When it is determined that the physical block number of the data block to be written is not registered in the address conversion table, an entry for registering the logical cluster to which the data block to be written belongs belongs to the address conversion table. To determine whether or not
When it is determined that there is an entry for registering the logical cluster to which the data block to be written belongs in the address conversion table, all the physical block numbers of the logical cluster to which the data block to be written belongs are all the addresses Register in the conversion table,
A step of registering a physical block number of a write-destination data block in the free physical cluster as a physical block number registered for the data block to be written newly registered in the address conversion table; 12. The data writing method in the disk array control apparatus according to claim 11, further comprising:

When the logical cluster to which the data block to be written belongs is registered in the address conversion table, the physical block number corresponding to the logical cluster number to which the data block registered in the address conversion table belongs is used. And access
The access is performed using a logical block number of the data block as a physical block number when a logical cluster to which the data block to be written belongs is not registered in the address conversion table. 11. A data writing method in the disk array control device according to 11.

12. The method of writing data in a disk array controller according to claim 11, wherein the total number of logical data blocks arranged in the indirect address cluster is limited within a range of the total number of entries in the address translation table.

Determine whether there is a free physical cluster to be written next, or whether there is a free physical block in the current physical cluster to be written,
If it is determined that there is an indirect address data block written to a physical address on the disk different from the requested logical address in the write candidate logical block,
When it is determined that the indirect address data block exists in the write candidate logical block, the indirect address data block belonging to the physical cluster having the smallest number of effective blocks is selected,
12. The data writing method in the disk array control device according to claim 11, wherein the selected indirect address data block is written as the data block to be written.

When it is determined that there is no free physical cluster, or there is no free physical block in the current write target physical cluster, the write target block is registered in the address conversion table as the write target block. 17. The data writing method in the disk array control device according to claim 16, further comprising a step of writing to a physical block address corresponding to the data block to be written.

If it is determined that the indirect address data block written to the physical address on the disk different from the requested logical address does not exist in the write candidate logical block, the address among the direct address data blocks of the write candidate Select the longest sequence of direct address data blocks that
17. The disk array control according to claim 16, further comprising a step of writing a column of the selected direct address data block when the column of the selected direct address data block satisfies a predetermined condition.

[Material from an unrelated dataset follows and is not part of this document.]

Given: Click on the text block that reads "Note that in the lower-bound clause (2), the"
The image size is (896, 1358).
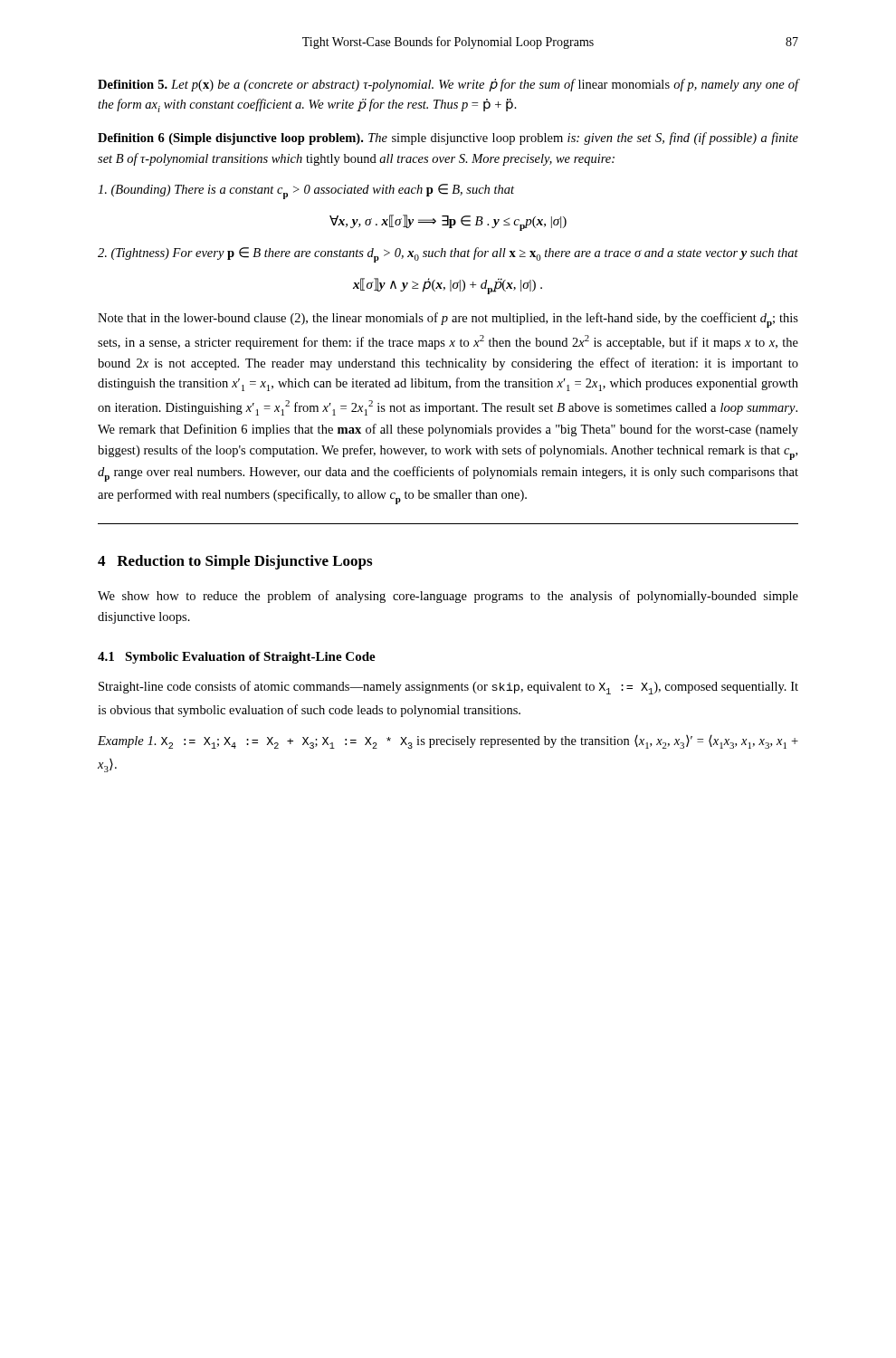Looking at the screenshot, I should tap(448, 408).

Data writing method in apparatus.

When it is determined that the predetermined condition is not satisfied, the dirty rate of the cache memory that temporarily stores data to be written to the disk array and the use of the address conversion table for each direct address data block of the write candidate 19. The data writing method in the disk array control apparatus according to claim 18, further comprising a step of determining a writing method based on the rate.

The direct address data block as the write candidate is selected in order from a direct address data block belonging to a cache column having a high usage rate when it is determined that the predetermined condition is not satisfied. 20. A data writing method in the disk array control device according to 19.